Quelques petits rappels s’imposent, histoire de bien mettre les responsabilités sur ceux à qui elles appartiennent

(a) Tout permis de construire ou d’urbanisme peut-être contesté dans les délais impartis par toute personne ayant intérêt à agir comme tout acte administratif, arrêté ou délibération. Un permis d’urbanisme est un simple acte administratif délivré par le Maire. Les délais causés par les recours ne donnent pas droit à des dommages et intérêts, à moins que le juge administratif en décide autrement par jugement.
(b) Tout promoteur doit planifier avec ces délais en tête. Sinon, il faut changer de métier. Par ailleurs, les financements in fine font que ces délais ne coûtent pas grand chose et font partis des risques inhérents à tout projet.
(c) Il appartient à Grenoble Habitat de démontrer que le recours est abusif, téméraire et vise à nuire, et ce au moment du dépôt de son assignation au Tribunal de Grande Instance, ce qui est une impossibilité puisque le recours n’a pas encore été jugé.
(d) Dommages et intérêts s’il y a dans cette affaire, c’est le juge administratif qui les déterminera.
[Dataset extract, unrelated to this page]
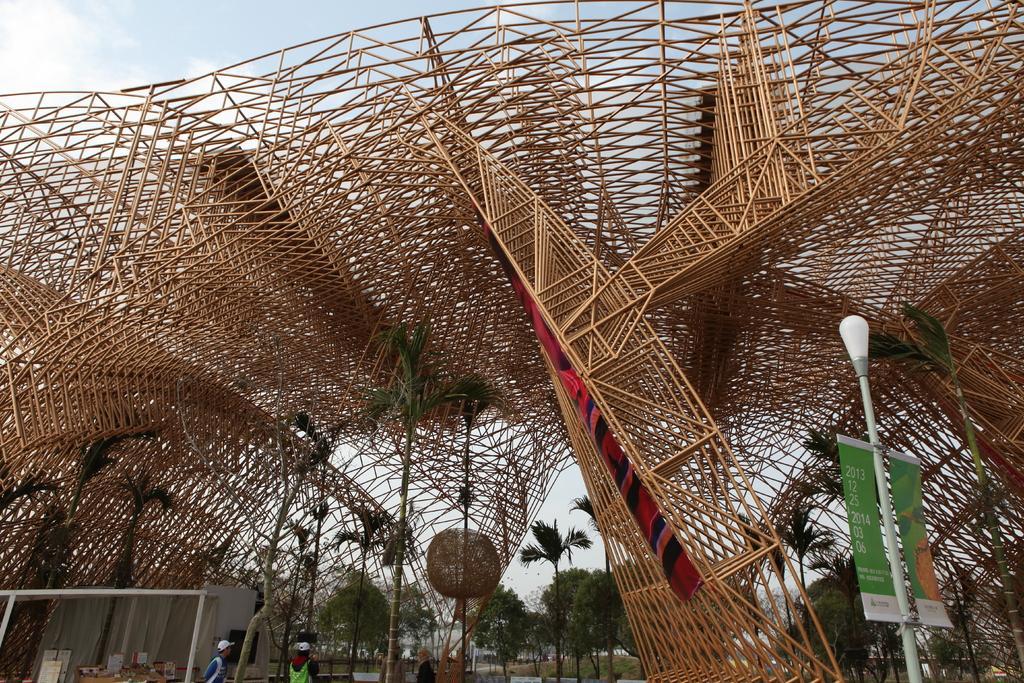In one or two sentences, can you explain what this image depicts? In this image I can see structure which is made up of metal rods which are in brown color. To the side I can see the light pole and the board to it. I can see two people with different color dresses. In the back there are many trees and the sky. To the left I can see the shed.

Nous voyons donc un satellite de la Ville de Grenoble, une Société d’Économie Mixte financée par de l’argent public, détenue à 51% par la ville de Grenoble (et à 31% par la CDC, organisme public), présidée par une élue de la majorité, Mme Boileau, appartenant à une formation politique (l’ADES) qui a pour habitude de déposer des recours sur tout et n’importe quoi, utiliser contre des citoyens la dissymétrie de moyens qui existe entre Grenoble Habitat et ces simples citoyens, afin de supprimer toute contestation légitime d’un projet.
Ceci n’est pas une pipe et encore moins de l’intimidation.
C’est une très grande leçon de démocratie qu’on nous donne là.

Même des promoteurs privés n’oseraient pas le faire, parce que c’est tout simplement contreproductif!

A la place de Vivre à Grenoble, nous prendrions attache avec les autres actionnaires de Grenoble Habitat et lancerions une grosse opération de communication les « mouillants » jusqu’au cou, car ils siègent également au Conseil d’Administration et goûtent, d’après les informations que nous possédons, assez peu la manœuvre de Mme Boileau, qui est décidément une bien méchante femme.

De même, se pencher la gestion de Grenoble Habitat se serait pas dénué d’intérêt dans ce contexte.

Si jamais le permis d’urbanisme venait à être annulé par le juge administratif, il s’agira alors de trainer devant la justice Mme Boileau et M. Bard individuellement, au titre de leur responsabilité personnelle de mandataire social, et de demander réparation.

D’autant qu’on sait qu’en matière d’immobilier, la gestion de la ville de Grenoble interroge, notamment à cause de ceci et de cela.